═══ Records to use ═══
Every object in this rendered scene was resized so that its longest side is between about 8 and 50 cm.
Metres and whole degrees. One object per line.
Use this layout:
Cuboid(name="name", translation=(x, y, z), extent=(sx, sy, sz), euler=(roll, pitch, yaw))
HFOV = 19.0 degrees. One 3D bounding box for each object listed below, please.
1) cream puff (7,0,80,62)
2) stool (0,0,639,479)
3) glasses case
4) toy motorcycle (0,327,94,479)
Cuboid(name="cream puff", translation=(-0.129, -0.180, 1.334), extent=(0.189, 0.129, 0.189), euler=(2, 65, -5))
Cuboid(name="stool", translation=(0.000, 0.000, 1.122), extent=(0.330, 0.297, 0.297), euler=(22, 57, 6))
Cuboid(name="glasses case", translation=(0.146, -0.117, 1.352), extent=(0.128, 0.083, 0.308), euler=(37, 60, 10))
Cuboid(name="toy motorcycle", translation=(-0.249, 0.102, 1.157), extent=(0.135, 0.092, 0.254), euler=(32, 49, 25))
═══
═══ Records to use ═══
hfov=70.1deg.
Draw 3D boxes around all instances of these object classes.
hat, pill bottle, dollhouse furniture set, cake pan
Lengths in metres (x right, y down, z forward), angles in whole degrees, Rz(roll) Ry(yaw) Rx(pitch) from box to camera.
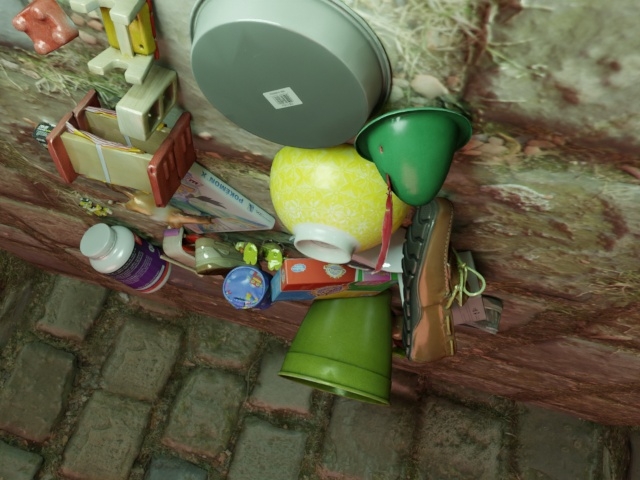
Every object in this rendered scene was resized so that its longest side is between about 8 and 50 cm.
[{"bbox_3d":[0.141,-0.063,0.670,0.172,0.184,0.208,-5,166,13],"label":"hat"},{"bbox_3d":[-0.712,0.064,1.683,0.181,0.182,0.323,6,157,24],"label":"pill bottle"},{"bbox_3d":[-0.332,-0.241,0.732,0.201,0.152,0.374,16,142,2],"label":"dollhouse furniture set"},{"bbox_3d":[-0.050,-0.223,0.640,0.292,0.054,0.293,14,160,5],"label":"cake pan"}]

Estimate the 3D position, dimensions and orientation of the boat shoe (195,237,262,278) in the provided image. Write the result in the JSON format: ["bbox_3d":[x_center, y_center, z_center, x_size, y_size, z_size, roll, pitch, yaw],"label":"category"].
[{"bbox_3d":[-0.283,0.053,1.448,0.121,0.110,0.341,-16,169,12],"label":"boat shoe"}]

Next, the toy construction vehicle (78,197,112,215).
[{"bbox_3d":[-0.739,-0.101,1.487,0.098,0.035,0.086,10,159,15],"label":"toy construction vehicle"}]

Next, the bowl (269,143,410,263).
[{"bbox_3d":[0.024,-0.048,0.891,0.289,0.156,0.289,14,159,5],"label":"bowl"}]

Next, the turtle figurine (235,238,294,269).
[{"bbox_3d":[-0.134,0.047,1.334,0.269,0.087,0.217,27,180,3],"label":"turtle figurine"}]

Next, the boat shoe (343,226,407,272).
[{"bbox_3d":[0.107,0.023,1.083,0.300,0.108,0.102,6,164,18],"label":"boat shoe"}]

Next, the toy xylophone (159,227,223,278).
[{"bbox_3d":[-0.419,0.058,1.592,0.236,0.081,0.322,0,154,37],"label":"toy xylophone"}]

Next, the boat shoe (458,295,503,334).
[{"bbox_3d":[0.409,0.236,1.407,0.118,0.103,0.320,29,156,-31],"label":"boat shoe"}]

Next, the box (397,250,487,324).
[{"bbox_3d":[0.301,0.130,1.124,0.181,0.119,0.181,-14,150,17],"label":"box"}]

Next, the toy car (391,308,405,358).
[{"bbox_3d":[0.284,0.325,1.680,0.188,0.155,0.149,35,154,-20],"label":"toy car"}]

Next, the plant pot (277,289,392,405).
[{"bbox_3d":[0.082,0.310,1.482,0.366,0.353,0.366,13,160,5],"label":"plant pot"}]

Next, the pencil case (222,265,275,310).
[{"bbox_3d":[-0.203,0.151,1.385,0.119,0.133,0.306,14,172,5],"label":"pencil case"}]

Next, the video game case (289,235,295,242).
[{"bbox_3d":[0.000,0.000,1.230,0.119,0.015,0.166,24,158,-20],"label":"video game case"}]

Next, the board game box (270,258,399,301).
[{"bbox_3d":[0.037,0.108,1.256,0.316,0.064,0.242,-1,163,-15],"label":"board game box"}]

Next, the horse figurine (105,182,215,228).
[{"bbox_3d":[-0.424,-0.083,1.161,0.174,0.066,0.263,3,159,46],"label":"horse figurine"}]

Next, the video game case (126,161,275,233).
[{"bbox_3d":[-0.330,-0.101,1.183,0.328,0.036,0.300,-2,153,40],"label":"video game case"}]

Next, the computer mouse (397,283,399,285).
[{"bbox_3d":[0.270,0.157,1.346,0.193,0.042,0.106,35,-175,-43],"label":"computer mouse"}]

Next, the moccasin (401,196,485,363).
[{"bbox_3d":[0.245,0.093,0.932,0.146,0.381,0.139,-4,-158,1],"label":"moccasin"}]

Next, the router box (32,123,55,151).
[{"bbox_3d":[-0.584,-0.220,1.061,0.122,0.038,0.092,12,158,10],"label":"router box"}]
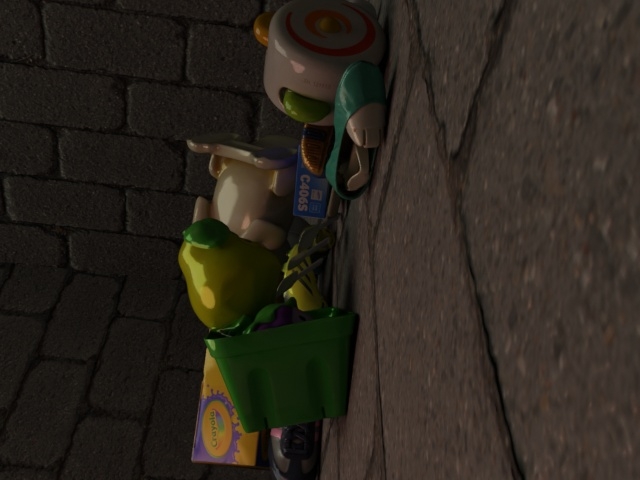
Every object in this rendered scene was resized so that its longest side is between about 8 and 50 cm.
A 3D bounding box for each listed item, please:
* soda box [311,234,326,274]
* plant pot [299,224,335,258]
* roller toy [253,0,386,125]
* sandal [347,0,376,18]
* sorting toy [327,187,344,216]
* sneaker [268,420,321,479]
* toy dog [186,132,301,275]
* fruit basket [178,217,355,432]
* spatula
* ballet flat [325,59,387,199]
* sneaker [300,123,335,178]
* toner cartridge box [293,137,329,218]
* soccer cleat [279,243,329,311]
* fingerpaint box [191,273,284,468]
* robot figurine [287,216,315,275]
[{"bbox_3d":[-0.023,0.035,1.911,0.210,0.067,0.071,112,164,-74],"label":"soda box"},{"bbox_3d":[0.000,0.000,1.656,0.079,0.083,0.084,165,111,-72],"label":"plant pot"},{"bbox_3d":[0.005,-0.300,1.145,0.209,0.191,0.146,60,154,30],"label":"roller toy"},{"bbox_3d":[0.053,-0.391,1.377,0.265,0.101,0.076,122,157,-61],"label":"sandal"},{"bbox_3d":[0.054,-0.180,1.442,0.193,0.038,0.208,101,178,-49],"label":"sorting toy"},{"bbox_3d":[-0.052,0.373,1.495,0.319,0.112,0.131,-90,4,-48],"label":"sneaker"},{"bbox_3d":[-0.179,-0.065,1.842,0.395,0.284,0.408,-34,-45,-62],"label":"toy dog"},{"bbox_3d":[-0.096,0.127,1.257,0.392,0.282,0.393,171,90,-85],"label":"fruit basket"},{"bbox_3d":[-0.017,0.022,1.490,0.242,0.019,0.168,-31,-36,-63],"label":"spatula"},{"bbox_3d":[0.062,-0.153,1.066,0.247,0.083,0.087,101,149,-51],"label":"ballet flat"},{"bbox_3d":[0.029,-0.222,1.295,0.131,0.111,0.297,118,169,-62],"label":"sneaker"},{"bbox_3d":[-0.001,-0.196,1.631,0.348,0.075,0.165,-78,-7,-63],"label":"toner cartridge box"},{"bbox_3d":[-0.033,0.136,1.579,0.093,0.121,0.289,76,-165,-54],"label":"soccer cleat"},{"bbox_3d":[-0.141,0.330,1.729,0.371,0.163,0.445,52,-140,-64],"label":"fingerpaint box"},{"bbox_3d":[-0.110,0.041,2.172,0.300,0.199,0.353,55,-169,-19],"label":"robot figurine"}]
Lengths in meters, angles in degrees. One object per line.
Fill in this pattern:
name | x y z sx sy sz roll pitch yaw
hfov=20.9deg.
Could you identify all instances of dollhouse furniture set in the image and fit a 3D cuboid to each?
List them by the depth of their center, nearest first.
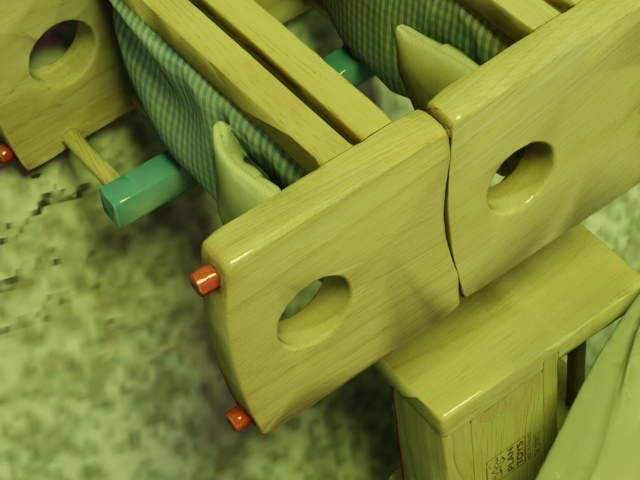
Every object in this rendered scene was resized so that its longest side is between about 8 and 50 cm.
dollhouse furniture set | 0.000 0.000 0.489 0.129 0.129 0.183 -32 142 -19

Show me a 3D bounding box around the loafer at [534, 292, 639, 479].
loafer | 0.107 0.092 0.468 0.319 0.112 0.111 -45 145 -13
═══
═══ Records to use ═══
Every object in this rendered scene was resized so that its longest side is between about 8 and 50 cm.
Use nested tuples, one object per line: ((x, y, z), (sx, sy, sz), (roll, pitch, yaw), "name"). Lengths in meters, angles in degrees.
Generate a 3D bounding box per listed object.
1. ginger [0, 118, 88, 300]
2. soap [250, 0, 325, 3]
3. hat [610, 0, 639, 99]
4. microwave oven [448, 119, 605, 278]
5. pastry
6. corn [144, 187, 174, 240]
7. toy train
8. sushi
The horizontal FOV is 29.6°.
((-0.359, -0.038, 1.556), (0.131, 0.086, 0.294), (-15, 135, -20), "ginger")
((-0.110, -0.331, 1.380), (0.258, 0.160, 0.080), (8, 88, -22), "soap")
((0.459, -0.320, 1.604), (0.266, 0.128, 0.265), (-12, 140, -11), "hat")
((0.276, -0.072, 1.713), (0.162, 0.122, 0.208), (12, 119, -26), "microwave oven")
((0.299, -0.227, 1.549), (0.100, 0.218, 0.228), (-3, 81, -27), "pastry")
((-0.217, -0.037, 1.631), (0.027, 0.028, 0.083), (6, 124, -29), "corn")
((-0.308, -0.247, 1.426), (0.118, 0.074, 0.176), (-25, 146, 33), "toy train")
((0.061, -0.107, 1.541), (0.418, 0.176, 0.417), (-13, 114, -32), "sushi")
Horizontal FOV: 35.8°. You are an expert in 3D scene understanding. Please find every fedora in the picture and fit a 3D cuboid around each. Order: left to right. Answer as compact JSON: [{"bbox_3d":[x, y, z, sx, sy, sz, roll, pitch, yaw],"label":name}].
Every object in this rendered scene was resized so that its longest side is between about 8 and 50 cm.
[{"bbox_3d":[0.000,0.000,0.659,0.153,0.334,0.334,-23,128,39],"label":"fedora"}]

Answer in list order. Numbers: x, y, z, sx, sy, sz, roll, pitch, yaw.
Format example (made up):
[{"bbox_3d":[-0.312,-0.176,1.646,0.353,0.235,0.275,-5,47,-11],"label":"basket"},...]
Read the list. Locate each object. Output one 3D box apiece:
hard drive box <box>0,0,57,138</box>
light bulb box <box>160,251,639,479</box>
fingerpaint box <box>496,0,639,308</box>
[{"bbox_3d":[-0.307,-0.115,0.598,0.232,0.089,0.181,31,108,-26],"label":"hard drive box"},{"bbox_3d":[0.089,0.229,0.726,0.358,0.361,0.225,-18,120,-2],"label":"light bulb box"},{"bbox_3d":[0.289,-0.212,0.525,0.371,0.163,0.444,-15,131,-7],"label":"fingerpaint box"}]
═══
About this task:
Please find each line in the records above that holds the word "instances", and copy it.

Output of the task:
Draw 3D boxes around all instances of these object classes.
Could you identify all instances of dollhouse furniture set in the image and fit a 3D cuboid to each?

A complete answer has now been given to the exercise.